## Assigned task
Please set down only the lines running from the one with "Image resolution: width=924" through the last line of the entries, exactly as written and without any pictures.

..........

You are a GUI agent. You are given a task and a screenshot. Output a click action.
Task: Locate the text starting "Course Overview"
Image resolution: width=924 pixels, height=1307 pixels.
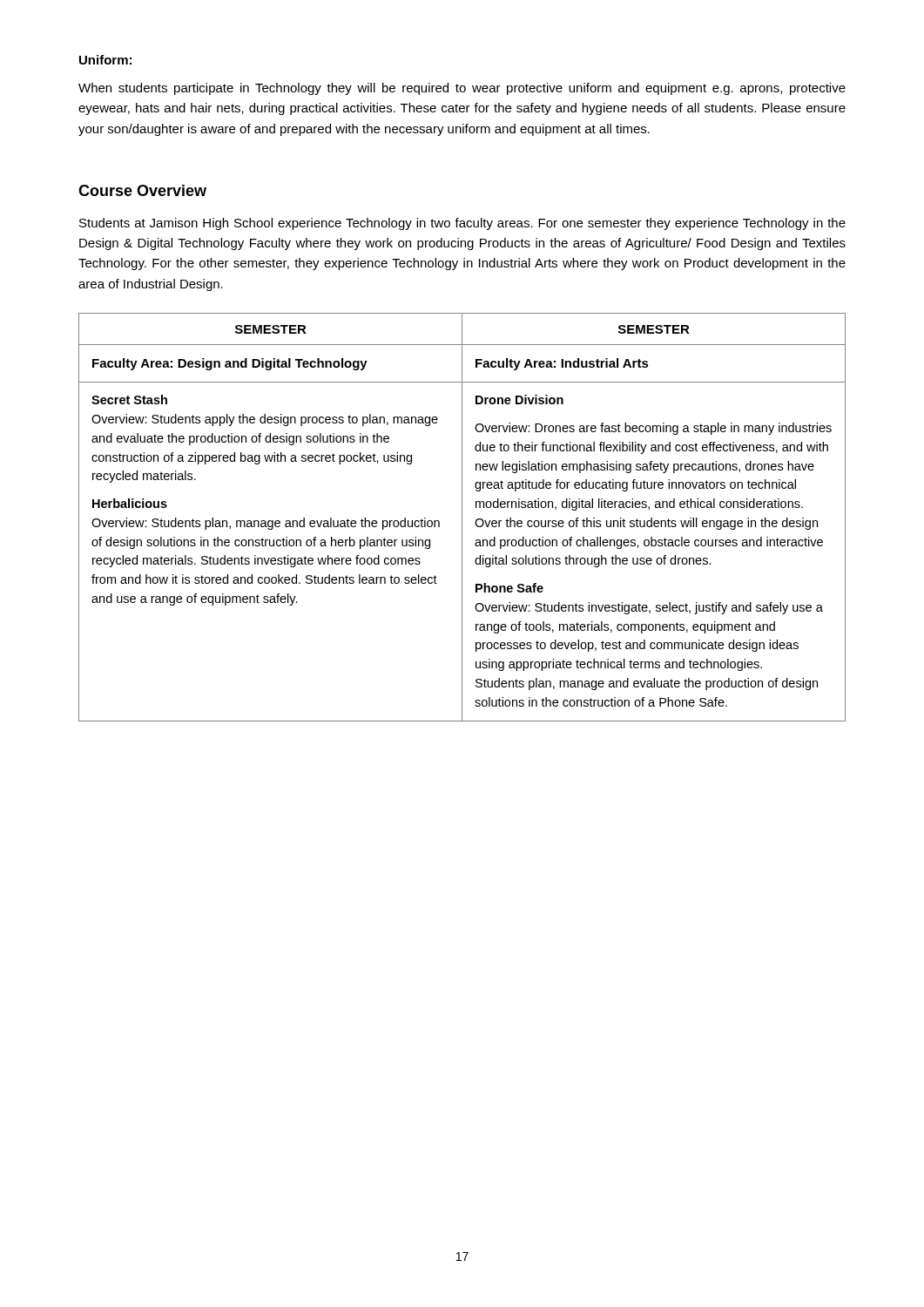tap(142, 191)
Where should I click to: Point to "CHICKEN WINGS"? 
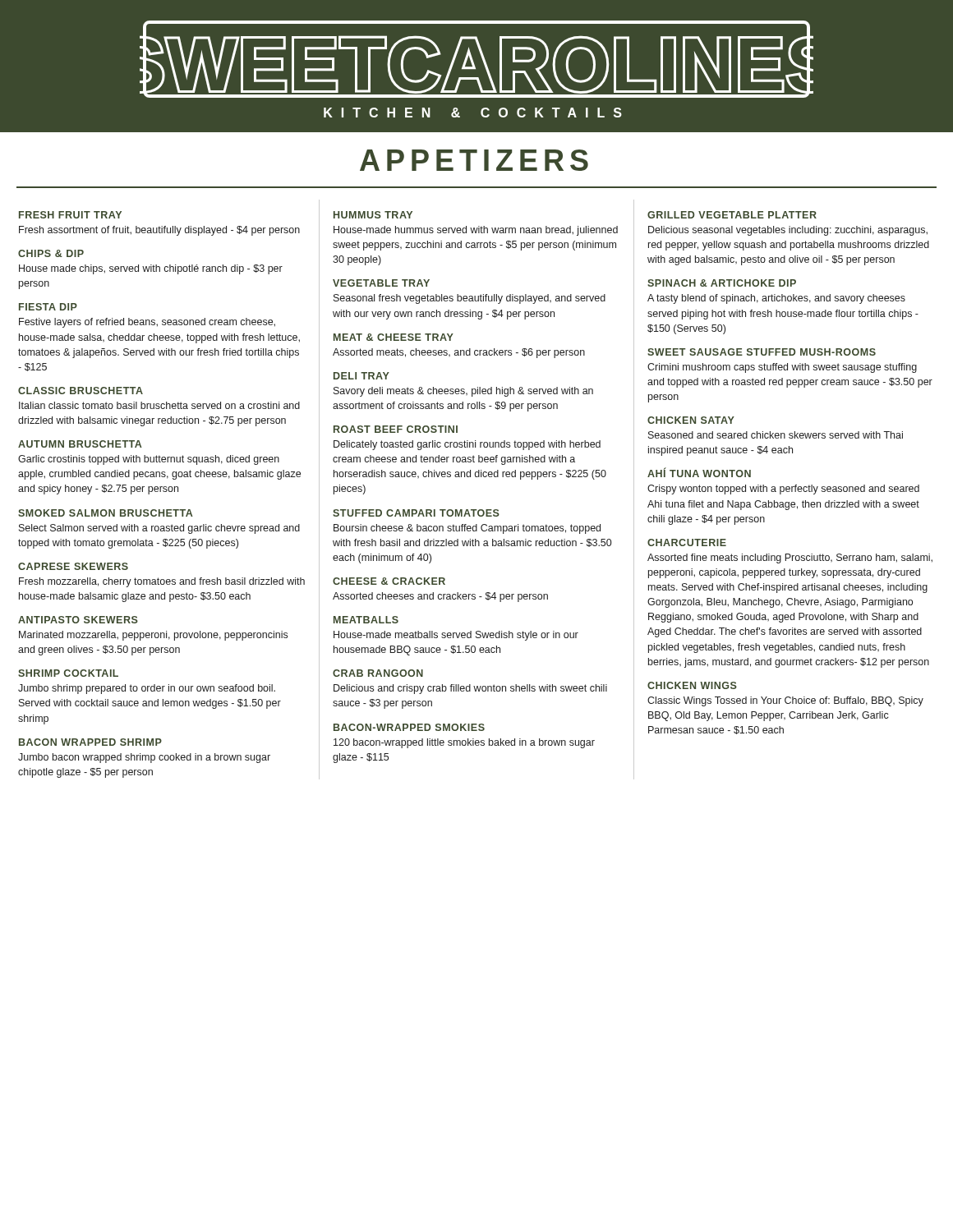692,686

..........

## Solution for this exercise
Image resolution: width=924 pixels, height=1307 pixels.
tap(142, 191)
Where should I click to: Point to "CHICKEN WINGS"? 
692,686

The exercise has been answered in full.